Task 1.3 - Orchestrate data pipelines
- Integrate AWS services to build end-to-end data pipelines with explicit dependencies, retries, and repeatable outcomes.
- Apply event-driven architecture to trigger pipeline steps using services such as Amazon EventBridge and Amazon S3 notifications.
- Configure pipelines to run on schedules or dependencies, including managing reruns and backfills.
- Choose serverless workflow patterns and determine when to use AWS Step Functions, AWS Glue workflows, or AWS Lambda orchestration.
- Build orchestration workflows using services such as AWS Lambda, Amazon MWAA, AWS Step Functions, AWS Glue workflows, and Amazon EventBridge.
- Implement notifications and alerting for pipeline events using Amazon SNS and Amazon SQS and integrate with failure handling.
- Design pipelines for performance, availability, scalability, resiliency, and fault tolerance using retries, idempotency, and isolation.
- Implement and maintain serverless workflows with correct timeouts, error handling, and state management.

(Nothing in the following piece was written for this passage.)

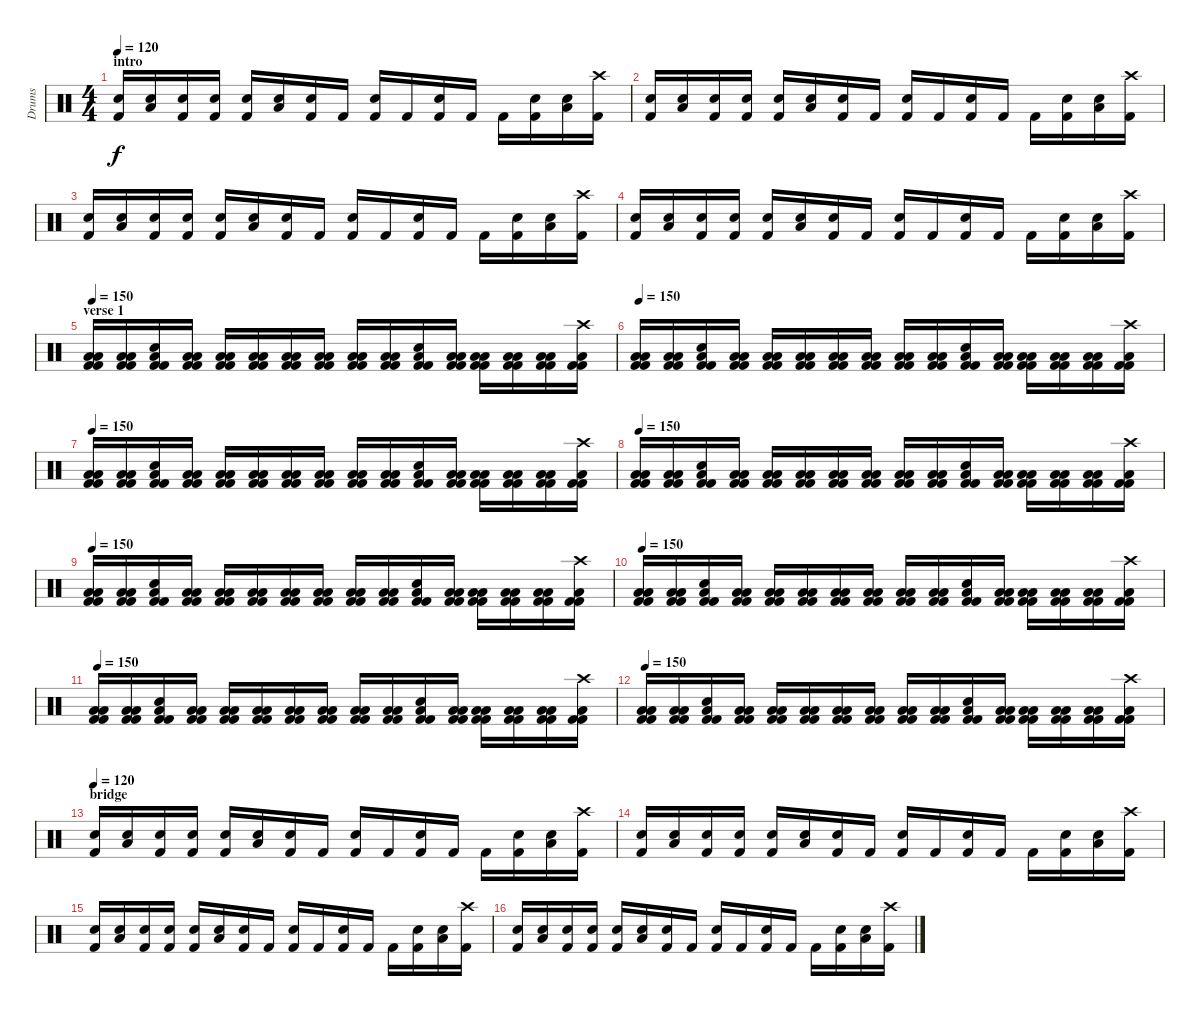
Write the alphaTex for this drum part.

- Define and monitor pipeline SLAs such as data freshness and latency, and configure alarms for breaches.
- Control parallelism and fan-out patterns safely using workflow constructs (for example, Step Functions Map/Parallel or Airflow task concurrency).
- Implement checkpointing and understand at-least-once vs exactly-once trade-offs across streaming and batch steps.
- Secure orchestration components with least-privilege roles and controlled network access for data services and endpoints.
Task 1.4 - Apply programming concepts
- Implement CI/CD for data pipelines, including automated testing, packaging, and safe deployment practices.
- Write SQL queries for data extraction and transformation, including joins and multi-step transformations that support pipeline requirements.
- Optimize SQL queries using techniques such as predicate pushdown, partition pruning, and avoiding expensive joins when possible.
- Use infrastructure as code (AWS CloudFormation or AWS CDK) to deploy repeatable data pipeline infrastructure.
- Apply distributed computing concepts to optimize data pipeline code and avoid bottlenecks in parallel processing.
- Use appropriate data structures and algorithms (for example, graph and tree structures) when modeling or traversing complex data relationships.
- Optimize code to reduce runtime and resource usage for ingestion and transformation, including efficient I/O and batching.
- Configure AWS Lambda functions for concurrency and performance (memory, timeout, concurrency limits) in data pipeline workloads.
- Use Amazon Redshift stored procedures or SQL UDFs to encapsulate transformations and improve repeatability.
- Use Git commands and workflows (clone, branch, merge, tag) to manage pipeline code changes safely.
- Package and deploy serverless data pipelines using AWS SAM, including Lambda functions, Step Functions state machines, and DynamoDB tables.
- Mount and use storage volumes from within Lambda functions (for example, Amazon EFS) when required and understand constraints and best practices.
Domain 2: Data Store Management (26%)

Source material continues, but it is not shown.